A framework for dynamically converting Transformer-based models into Mixtures of Experts (MoE) architectures.
The model/ directory contains the core implementation for converting standard transformer models (specifically LLaMA-based models) into dynamic Mixture of Experts architectures.
- init.py: Exports the main classes and sets up the device (CUDA if available, CPU otherwise).
- main.py: Entry point for the application, with a simple interface to run MoE conversion experiments.
- moe.py: Contains the
MixtureOfExpertsclass, a general-purpose MoE implementation with top-k routing. - expert.py: Implements
ExpertLayer, the individual expert modules used within MoE layers. - llama_moe.py: Contains
LLaMaMoEBlock, a modified LLaMA transformer block with MoE replacing the standard FFN. - run_experiment.py: Orchestrates experiments for converting standard models to MoE, with layer-by-layer testing.

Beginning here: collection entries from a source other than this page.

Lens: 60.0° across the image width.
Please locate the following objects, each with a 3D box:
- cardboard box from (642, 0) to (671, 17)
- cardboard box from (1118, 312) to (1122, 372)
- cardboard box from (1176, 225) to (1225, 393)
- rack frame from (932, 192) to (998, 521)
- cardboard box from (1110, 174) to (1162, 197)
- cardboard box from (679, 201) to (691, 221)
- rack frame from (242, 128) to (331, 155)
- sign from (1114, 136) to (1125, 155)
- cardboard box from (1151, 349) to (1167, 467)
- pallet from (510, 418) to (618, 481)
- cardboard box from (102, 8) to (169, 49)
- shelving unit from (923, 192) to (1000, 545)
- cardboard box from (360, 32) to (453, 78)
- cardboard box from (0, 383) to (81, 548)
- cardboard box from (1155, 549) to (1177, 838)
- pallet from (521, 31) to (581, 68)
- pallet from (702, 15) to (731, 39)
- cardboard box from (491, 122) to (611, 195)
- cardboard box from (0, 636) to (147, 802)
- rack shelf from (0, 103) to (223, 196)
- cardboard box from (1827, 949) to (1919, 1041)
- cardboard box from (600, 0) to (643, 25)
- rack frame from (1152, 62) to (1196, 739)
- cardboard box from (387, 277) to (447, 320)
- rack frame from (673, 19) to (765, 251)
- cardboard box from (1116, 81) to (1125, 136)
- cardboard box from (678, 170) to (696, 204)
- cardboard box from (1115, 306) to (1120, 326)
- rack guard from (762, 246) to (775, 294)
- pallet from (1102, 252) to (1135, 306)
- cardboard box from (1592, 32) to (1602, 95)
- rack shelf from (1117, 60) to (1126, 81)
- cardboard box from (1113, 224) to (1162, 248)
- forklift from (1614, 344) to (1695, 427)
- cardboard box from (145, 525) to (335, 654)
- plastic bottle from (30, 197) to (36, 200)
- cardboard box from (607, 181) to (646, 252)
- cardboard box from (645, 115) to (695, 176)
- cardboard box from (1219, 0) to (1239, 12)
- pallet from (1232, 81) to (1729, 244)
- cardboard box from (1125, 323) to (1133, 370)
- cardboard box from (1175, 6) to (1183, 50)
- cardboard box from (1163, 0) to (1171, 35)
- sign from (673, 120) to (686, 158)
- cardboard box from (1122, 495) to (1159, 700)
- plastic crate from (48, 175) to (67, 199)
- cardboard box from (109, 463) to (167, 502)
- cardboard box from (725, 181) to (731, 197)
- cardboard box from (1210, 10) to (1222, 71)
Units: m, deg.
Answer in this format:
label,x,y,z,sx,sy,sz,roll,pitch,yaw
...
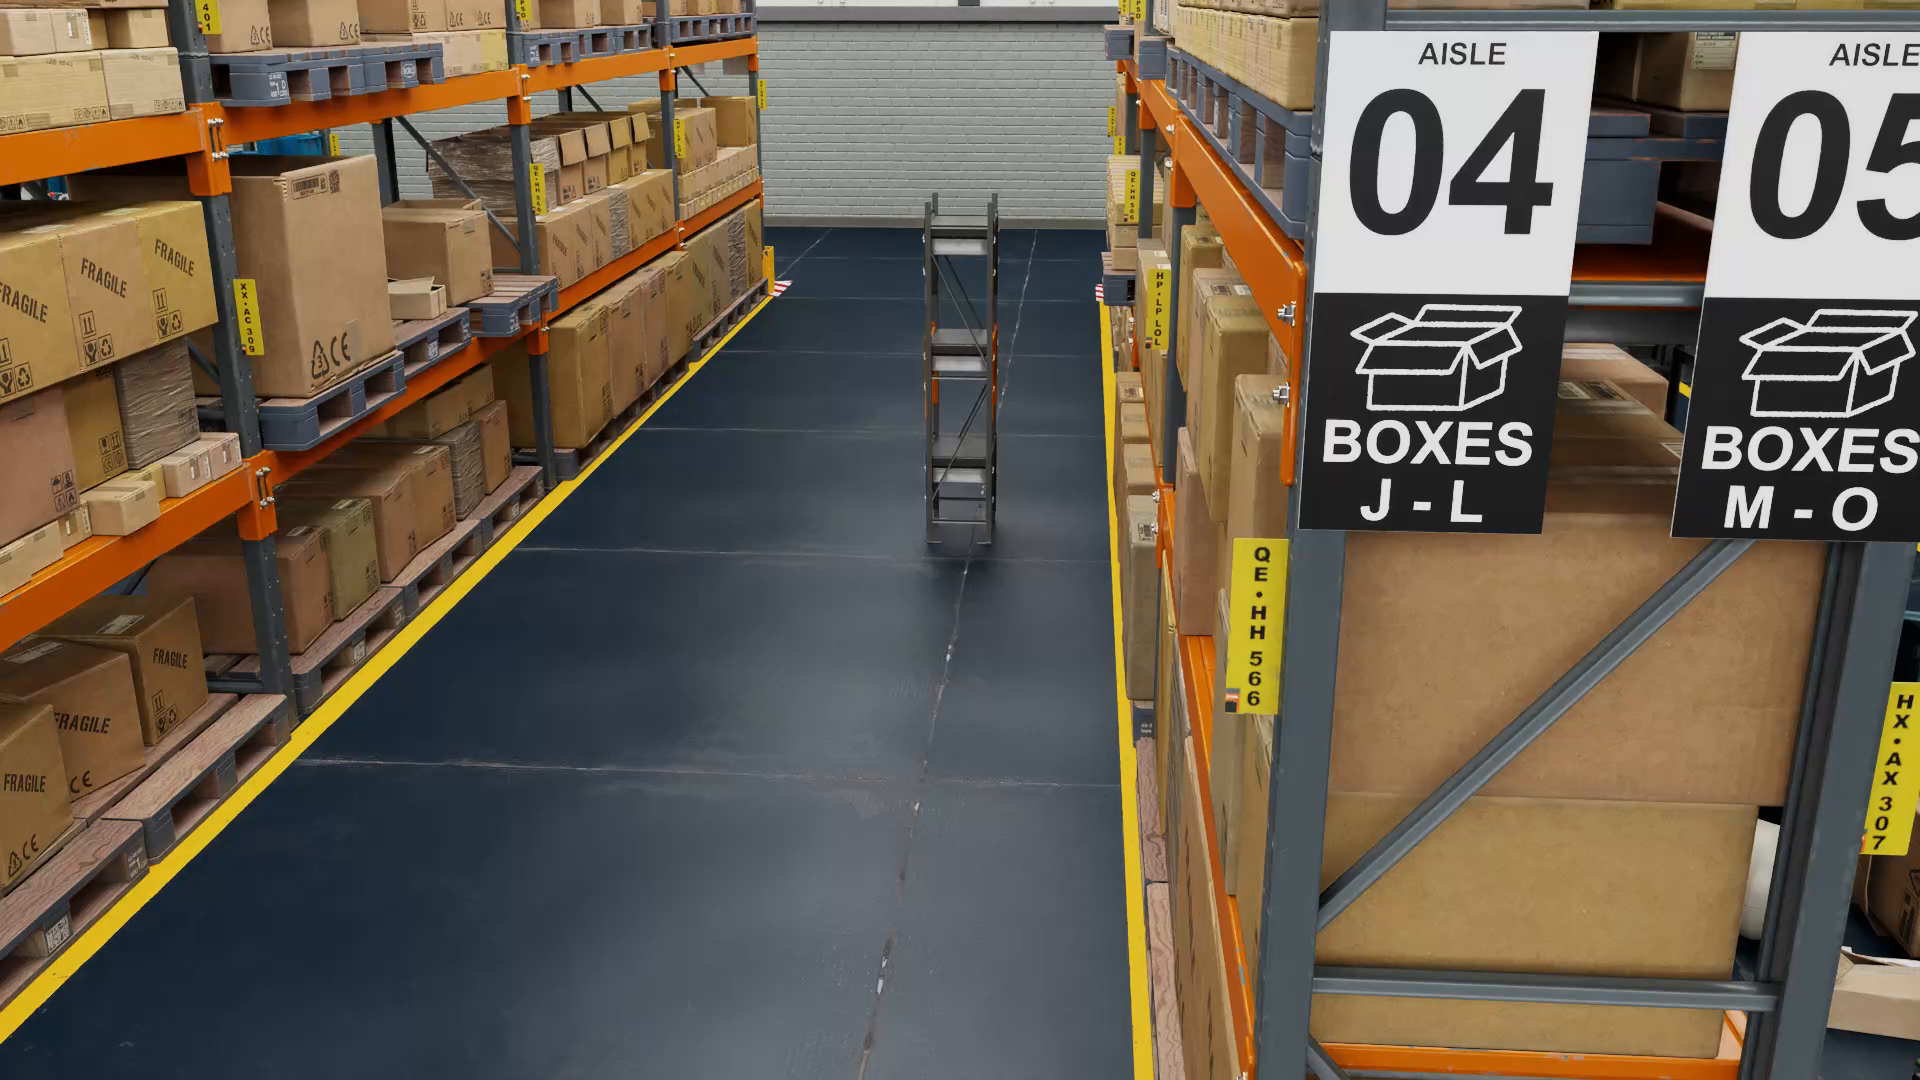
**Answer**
label,x,y,z,sx,sy,sz,roll,pitch,yaw
cardboard box,-3.024,-5.001,15.056,0.700,0.500,0.500,0,18,1
cardboard box,1.602,-1.683,14.081,0.500,0.500,0.500,2,18,6
cardboard box,1.286,-0.881,6.318,0.875,0.550,0.550,1,18,4
rack frame,0.029,-1.125,10.484,0.400,2.100,0.015,1,18,4
cardboard box,1.326,-2.660,12.498,0.380,0.149,0.250,2,18,6
cardboard box,-2.667,-3.002,15.170,0.380,0.149,0.250,1,18,4
rack frame,-7.673,-4.390,19.002,1.000,3.000,0.127,1,18,4
sign,1.378,-3.316,14.335,0.100,0.325,0.005,1,18,4
cardboard box,1.117,-0.626,7.354,0.500,0.500,0.500,1,18,4
pallet,-3.175,-0.713,12.259,1.003,0.211,1.213,1,18,4
cardboard box,-3.329,-1.988,6.457,0.380,0.149,0.250,2,18,6
shelving unit,0.012,-1.049,10.253,0.431,2.100,0.503,1,18,4
cardboard box,-3.157,-2.685,9.224,0.500,0.250,0.500,2,18,5
cardboard box,-3.694,-0.291,5.854,0.875,0.500,0.500,1,18,4
cardboard box,1.232,0.594,6.531,0.875,0.875,0.875,2,18,5
pallet,-3.313,-3.331,11.258,1.213,0.211,1.003,2,18,6
pallet,-2.861,-5.052,16.348,1.003,0.211,1.213,1,18,4
cardboard box,-3.147,-2.956,12.856,0.797,0.503,0.637,2,18,6
cardboard box,-3.696,0.738,6.695,0.500,0.500,0.500,7,20,21
rack shelf,-3.737,-1.015,5.040,1.077,0.370,4.000,1,18,4
cardboard box,3.060,1.464,5.528,0.396,0.266,0.258,4,19,13
cardboard box,-3.052,-4.529,13.775,0.700,0.500,0.500,2,18,5
rack frame,1.346,-0.410,6.857,1.000,3.000,0.127,1,18,4
cardboard box,-3.157,-1.406,9.439,0.396,0.266,0.258,1,18,2
rack frame,-2.733,-4.279,18.665,1.000,3.000,0.127,1,18,4
cardboard box,1.787,-4.191,16.153,0.500,0.500,0.500,1,18,2
cardboard box,-2.725,-3.247,15.278,0.500,0.250,0.500,1,18,3
cardboard box,1.632,-2.070,15.350,0.380,0.149,0.250,0,18,1
rack guard,-2.731,-3.099,19.077,1.175,0.500,0.348,1,18,4
pallet,1.578,-1.785,11.361,1.213,0.211,1.003,1,18,4
cardboard box,1.440,-0.977,3.339,0.380,0.149,0.250,1,18,4
rack shelf,2.063,-4.599,15.981,1.077,0.370,4.000,1,18,4
cardboard box,1.214,-2.038,11.075,0.380,0.149,0.250,2,18,5
forklift,3.593,-1.167,9.278,1.130,2.935,3.031,1,18,2
cardboard box,-3.528,0.236,8.192,0.700,0.500,0.500,0,18,0
plastic bottle,-7.857,-2.777,14.160,0.144,0.351,0.185,1,18,4
cardboard box,-2.854,-2.617,13.432,0.500,0.500,0.500,1,18,3
cardboard box,-2.731,-3.606,15.170,0.500,0.500,0.500,1,18,4
cardboard box,0.890,-1.380,3.928,0.500,0.250,0.500,1,18,4
pallet,1.103,-0.782,3.316,1.003,0.211,1.213,1,18,4
cardboard box,1.446,-1.396,12.001,0.500,0.250,0.500,2,18,5
cardboard box,0.981,-1.858,6.027,0.380,0.149,0.250,1,18,3
cardboard box,1.253,-2.590,7.999,0.500,0.311,0.500,1,18,2
sign,-2.478,-3.540,14.678,0.100,0.325,0.005,1,18,4
cardboard box,1.301,0.265,7.737,1.050,0.750,0.750,1,18,4
plastic crate,-8.267,-3.321,15.670,0.392,0.384,0.575,1,18,4
cardboard box,-3.421,-0.206,6.637,0.380,0.149,0.250,1,18,4
cardboard box,-2.540,-3.567,16.895,0.380,0.149,0.250,2,18,5
cardboard box,0.855,-1.305,4.341,0.380,0.149,0.250,2,18,5

- utils.py: Utility functions for loading models and other helper functions.
- pyproject.toml & poetry.lock: Package dependency management for the project.

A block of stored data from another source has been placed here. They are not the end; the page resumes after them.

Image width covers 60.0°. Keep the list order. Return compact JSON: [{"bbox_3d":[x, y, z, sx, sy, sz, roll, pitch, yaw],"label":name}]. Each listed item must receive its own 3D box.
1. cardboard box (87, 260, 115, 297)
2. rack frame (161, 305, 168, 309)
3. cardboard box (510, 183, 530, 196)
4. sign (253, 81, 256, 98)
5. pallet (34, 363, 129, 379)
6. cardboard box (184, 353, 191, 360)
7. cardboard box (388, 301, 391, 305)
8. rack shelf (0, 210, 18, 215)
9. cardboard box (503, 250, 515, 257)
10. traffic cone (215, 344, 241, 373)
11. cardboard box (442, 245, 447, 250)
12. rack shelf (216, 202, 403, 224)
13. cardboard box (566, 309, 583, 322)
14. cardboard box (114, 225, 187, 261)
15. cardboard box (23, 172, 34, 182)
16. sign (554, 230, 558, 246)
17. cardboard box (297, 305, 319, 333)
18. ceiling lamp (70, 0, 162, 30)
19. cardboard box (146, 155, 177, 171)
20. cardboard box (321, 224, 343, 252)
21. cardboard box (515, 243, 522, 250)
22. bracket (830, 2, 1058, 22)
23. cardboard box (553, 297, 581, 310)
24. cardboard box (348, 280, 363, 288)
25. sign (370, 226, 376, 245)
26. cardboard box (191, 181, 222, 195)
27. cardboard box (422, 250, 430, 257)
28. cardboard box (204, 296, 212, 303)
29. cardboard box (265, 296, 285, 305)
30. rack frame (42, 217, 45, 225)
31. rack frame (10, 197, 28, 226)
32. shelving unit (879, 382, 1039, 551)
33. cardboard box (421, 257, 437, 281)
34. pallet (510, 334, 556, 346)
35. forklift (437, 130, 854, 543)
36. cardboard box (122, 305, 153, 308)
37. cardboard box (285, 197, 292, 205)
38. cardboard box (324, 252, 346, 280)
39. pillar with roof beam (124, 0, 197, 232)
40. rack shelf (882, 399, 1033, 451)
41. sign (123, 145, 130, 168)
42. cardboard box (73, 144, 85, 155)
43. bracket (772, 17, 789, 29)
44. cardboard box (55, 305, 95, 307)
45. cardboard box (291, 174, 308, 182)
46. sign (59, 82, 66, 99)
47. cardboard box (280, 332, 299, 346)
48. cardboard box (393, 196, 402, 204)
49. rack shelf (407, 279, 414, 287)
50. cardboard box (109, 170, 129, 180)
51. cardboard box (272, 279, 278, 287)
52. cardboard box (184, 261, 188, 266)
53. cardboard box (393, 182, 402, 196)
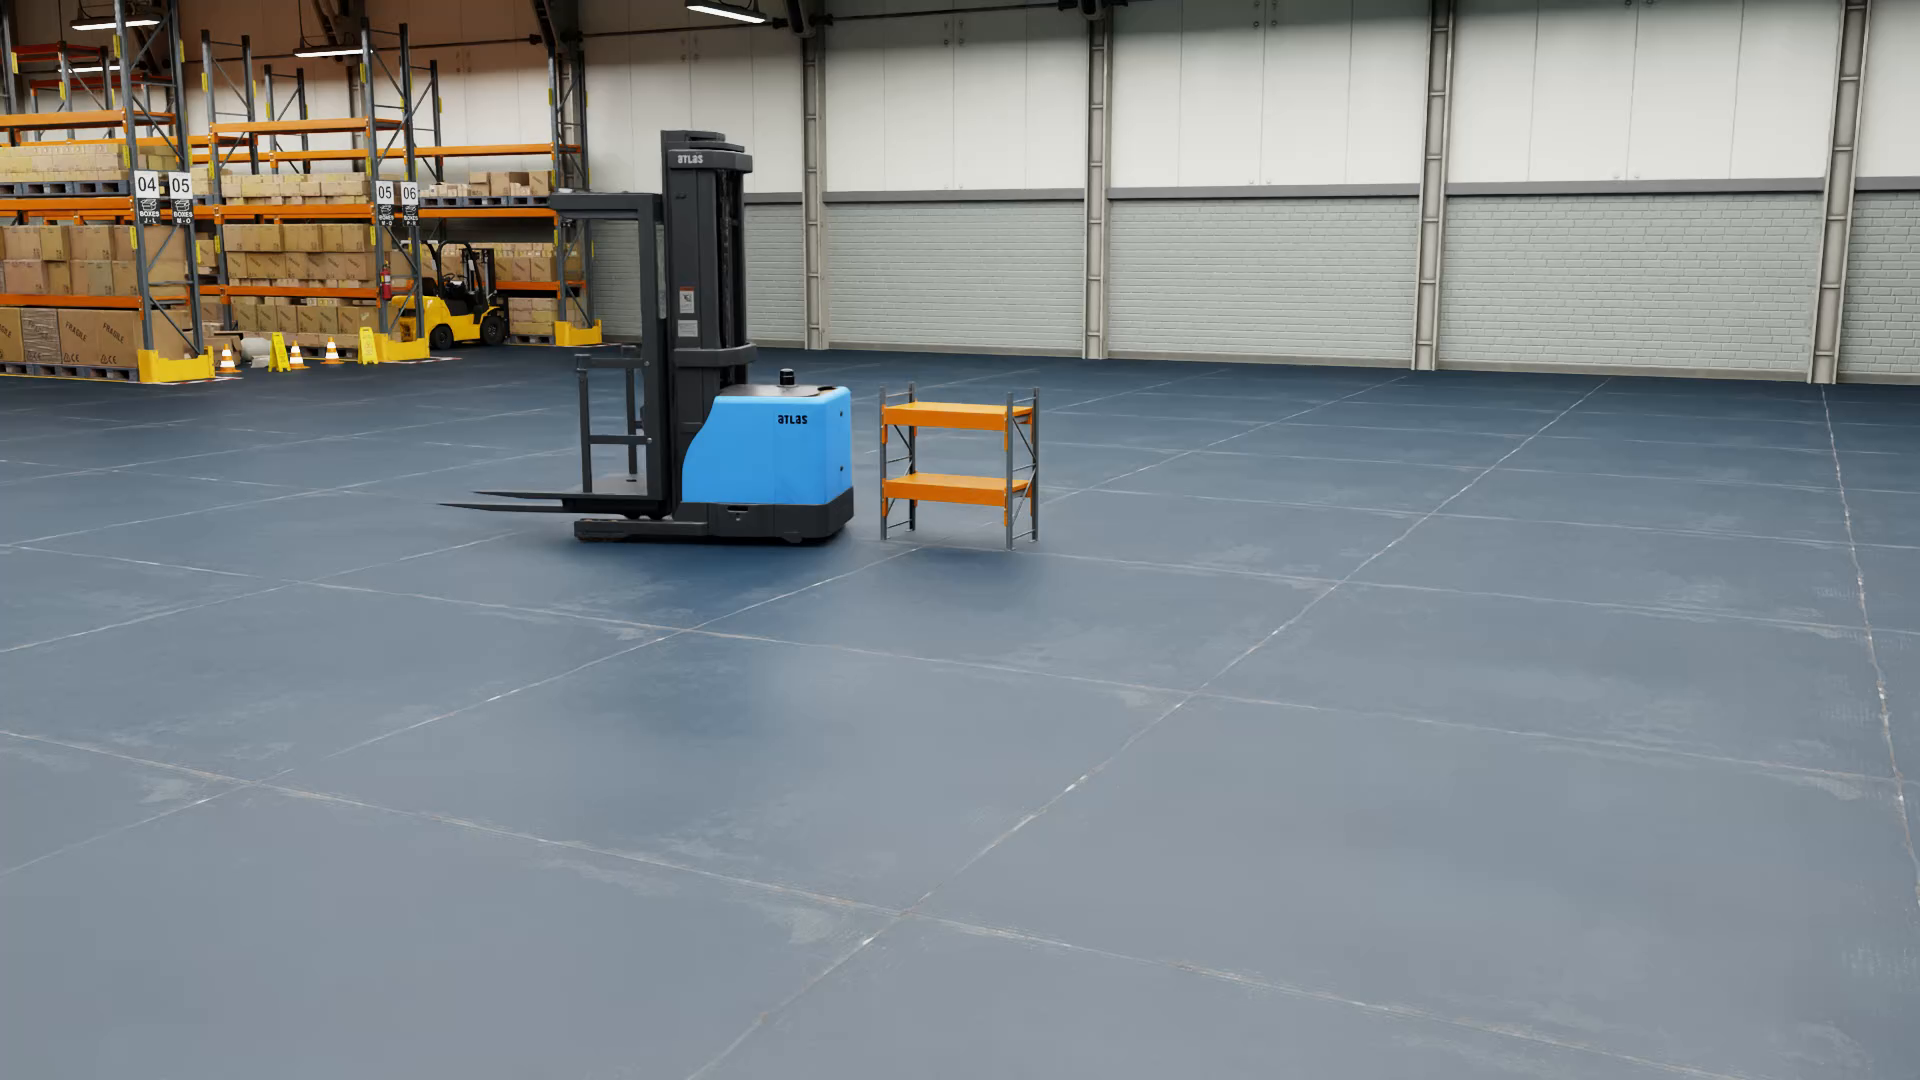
[{"bbox_3d":[-13.177,-4.135,26.233,0.550,0.550,0.875,5,11,26],"label":"cardboard box"},{"bbox_3d":[-18.791,-6.536,39.923,0.127,3.000,1.000,5,11,26],"label":"rack frame"},{"bbox_3d":[-9.134,-7.293,34.600,0.258,0.266,0.396,5,11,26],"label":"cardboard box"},{"bbox_3d":[-13.553,-8.649,31.905,0.005,0.325,0.100,5,11,26],"label":"sign"},{"bbox_3d":[-14.163,-2.774,26.964,1.213,0.211,1.003,5,11,26],"label":"pallet"},{"bbox_3d":[-13.552,-3.128,28.767,0.258,0.266,0.396,7,13,36],"label":"cardboard box"},{"bbox_3d":[-12.089,-4.983,36.831,0.625,0.625,0.875,6,12,28],"label":"cardboard box"},{"bbox_3d":[-17.702,-5.594,28.314,4.000,0.370,1.077,5,11,26],"label":"rack shelf"},{"bbox_3d":[-9.390,-6.022,34.980,0.250,0.149,0.380,5,11,24],"label":"cardboard box"},{"bbox_3d":[-12.170,-3.020,27.615,0.334,0.463,0.336,5,11,26],"label":"traffic cone"},{"bbox_3d":[-10.955,-6.323,35.809,0.250,0.149,0.380,5,11,25],"label":"cardboard box"},{"bbox_3d":[-12.016,-6.077,30.984,4.000,0.370,1.077,5,11,26],"label":"rack shelf"},{"bbox_3d":[-8.359,-4.761,35.249,0.500,0.250,0.500,5,12,27],"label":"cardboard box"},{"bbox_3d":[-12.637,-4.640,25.991,0.550,0.550,0.875,5,11,26],"label":"cardboard box"},{"bbox_3d":[-14.590,-5.740,26.344,0.250,0.149,0.380,5,11,26],"label":"cardboard box"},{"bbox_3d":[-8.282,-6.192,34.102,0.005,0.325,0.100,5,11,26],"label":"sign"},{"bbox_3d":[-11.975,-4.123,31.026,0.500,0.500,0.500,5,11,24],"label":"cardboard box"},{"bbox_3d":[-14.655,-10.578,29.018,2.000,3.185,0.800,5,11,26],"label":"ceiling lamp"},{"bbox_3d":[-12.641,-5.883,26.015,0.500,0.250,0.500,5,11,26],"label":"cardboard box"},{"bbox_3d":[-11.227,-5.532,30.449,0.500,0.500,0.700,5,11,26],"label":"cardboard box"},{"bbox_3d":[-9.116,-6.162,34.919,0.250,0.149,0.380,5,11,26],"label":"cardboard box"},{"bbox_3d":[-0.333,-9.746,30.707,4.783,0.066,0.076,5,11,26],"label":"bracket"},{"bbox_3d":[-8.376,-5.005,35.193,0.500,0.250,0.500,5,11,25],"label":"cardboard box"},{"bbox_3d":[-10.928,-4.672,30.326,0.250,0.149,0.380,5,11,25],"label":"cardboard box"},{"bbox_3d":[-10.486,-5.436,29.704,0.005,0.325,0.100,5,11,26],"label":"sign"},{"bbox_3d":[-14.397,-6.745,31.894,0.500,0.250,0.500,5,11,25],"label":"cardboard box"},{"bbox_3d":[-11.447,-6.207,36.003,0.250,0.149,0.380,5,11,25],"label":"cardboard box"},{"bbox_3d":[-17.609,-5.688,39.257,0.250,0.149,0.380,5,11,26],"label":"cardboard box"},{"bbox_3d":[-12.852,-4.506,31.317,0.250,0.149,0.380,6,12,28],"label":"cardboard box"},{"bbox_3d":[-22.378,-6.852,41.665,0.127,3.000,1.000,5,11,26],"label":"rack frame"},{"bbox_3d":[-15.909,-4.314,27.646,0.127,3.000,1.000,5,11,26],"label":"rack frame"},{"bbox_3d":[-0.006,-0.554,12.133,1.048,1.125,0.538,5,11,26],"label":"shelving unit"},{"bbox_3d":[-11.334,-5.879,36.008,0.500,0.500,0.500,5,11,24],"label":"cardboard box"},{"bbox_3d":[-8.734,-4.272,35.243,1.213,0.211,1.003,5,11,26],"label":"pallet"},{"bbox_3d":[-2.380,-1.515,12.369,3.031,2.935,1.130,1,10,8],"label":"forklift"},{"bbox_3d":[-20.191,-5.610,40.642,0.500,0.500,0.700,5,11,24],"label":"cardboard box"},{"bbox_3d":[-12.253,-6.280,30.788,0.250,0.149,0.380,5,11,26],"label":"cardboard box"},{"bbox_3d":[-11.278,-5.032,30.497,0.500,0.500,0.500,5,11,26],"label":"cardboard box"},{"bbox_3d":[-20.921,-9.000,36.689,0.548,9.000,9.100,5,11,26],"label":"pillar with roof beam"},{"bbox_3d":[-0.006,-0.842,12.081,1.000,0.278,0.538,5,11,26],"label":"rack shelf"},{"bbox_3d":[-12.574,-5.786,25.093,0.005,0.325,0.100,5,11,26],"label":"sign"},{"bbox_3d":[-13.460,-6.032,25.723,0.250,0.149,0.380,5,12,27],"label":"cardboard box"},{"bbox_3d":[-3.403,-10.016,32.197,0.430,0.232,0.235,5,11,26],"label":"bracket"},{"bbox_3d":[-17.979,-4.657,34.326,0.875,0.875,0.875,5,11,25],"label":"cardboard box"},{"bbox_3d":[-12.046,-6.637,30.526,0.250,0.149,0.380,5,12,27],"label":"cardboard box"},{"bbox_3d":[-17.639,-8.829,32.677,0.005,0.325,0.100,5,11,26],"label":"sign"},{"bbox_3d":[-12.439,-3.795,31.320,0.500,0.250,0.500,5,11,25],"label":"cardboard box"},{"bbox_3d":[-10.376,-6.228,30.503,0.250,0.149,0.380,5,11,26],"label":"cardboard box"},{"bbox_3d":[-13.410,-5.710,37.375,4.000,0.370,1.077,5,11,26],"label":"rack shelf"},{"bbox_3d":[-12.770,-5.580,25.459,0.250,0.149,0.380,5,11,26],"label":"cardboard box"},{"bbox_3d":[-12.708,-4.845,31.281,0.250,0.149,0.380,5,11,26],"label":"cardboard box"},{"bbox_3d":[-14.770,-5.554,32.199,0.500,0.500,0.500,5,11,26],"label":"cardboard box"},{"bbox_3d":[-10.555,-6.429,30.491,0.500,0.250,0.500,5,11,25],"label":"cardboard box"}]

The core MoE implementation that:
- Uses a gating/routing mechanism to direct tokens to the most relevant experts
- Supports top-k routing (can select multiple experts per token)
- Maintains the same interface as a standard feed-forward neural network
A drop-in replacement for standard LLaMA transformer blocks that:
- Preserves the original attention mechanism
- Replaces the feed-forward network with an MoE layer
- Maintains compatibility with the original model's interface
- Initializes expert weights from the original model's parameters
The run_experiment.py file provides:
- Automatic conversion of standard models to MoE architectures
- Layer-by-layer testing to ensure model stability
- Options to control how many and which layers to convert
- Fallback mechanisms to revert problematic conversions
To convert a model to use MoE:
from model.run_experiment import run_moe_conversion
model, tokenizer = run_moe_conversion(
model_name="TinyLlama/TinyLlama-1.1B-Chat-v1.0",
num_experts=4, # Number of experts per MoE layer
top_k=2, # How many experts to route each token to
conversion_frequency=4 # Convert every 4th layer
)The framework automatically handles model loading, conversion, testing, and can optionally save the converted model.
- Python 3.10 or higher
- Poetry (dependency management)
-
Install Poetry (if not already installed):
curl -sSL https://install.python-poetry.org | python3 - -
Clone the repository:
git clone https://github.com/yourusername/dynamic-moe.git cd dynamic-moe -
Install dependencies:
cd model poetry install
It is recommended to run this project in a GPU-acceleratd environment. See this guide to launch and SSH into a GPU-accelerated EC2 instance: https://docs.google.com/document/d/1Hky7NQRuBwpyDnrvl4j9ksPi_ORabHdHzkXRHhqhxZg/edit?tab=t.0
To run the default conversion experiment:
cd model
poetry run python -m mainThis will:
- Load the TinyLlama-1.1B-Chat model
- Convert layers to MoE architecture
- Run tests to ensure stability
- Save the converted model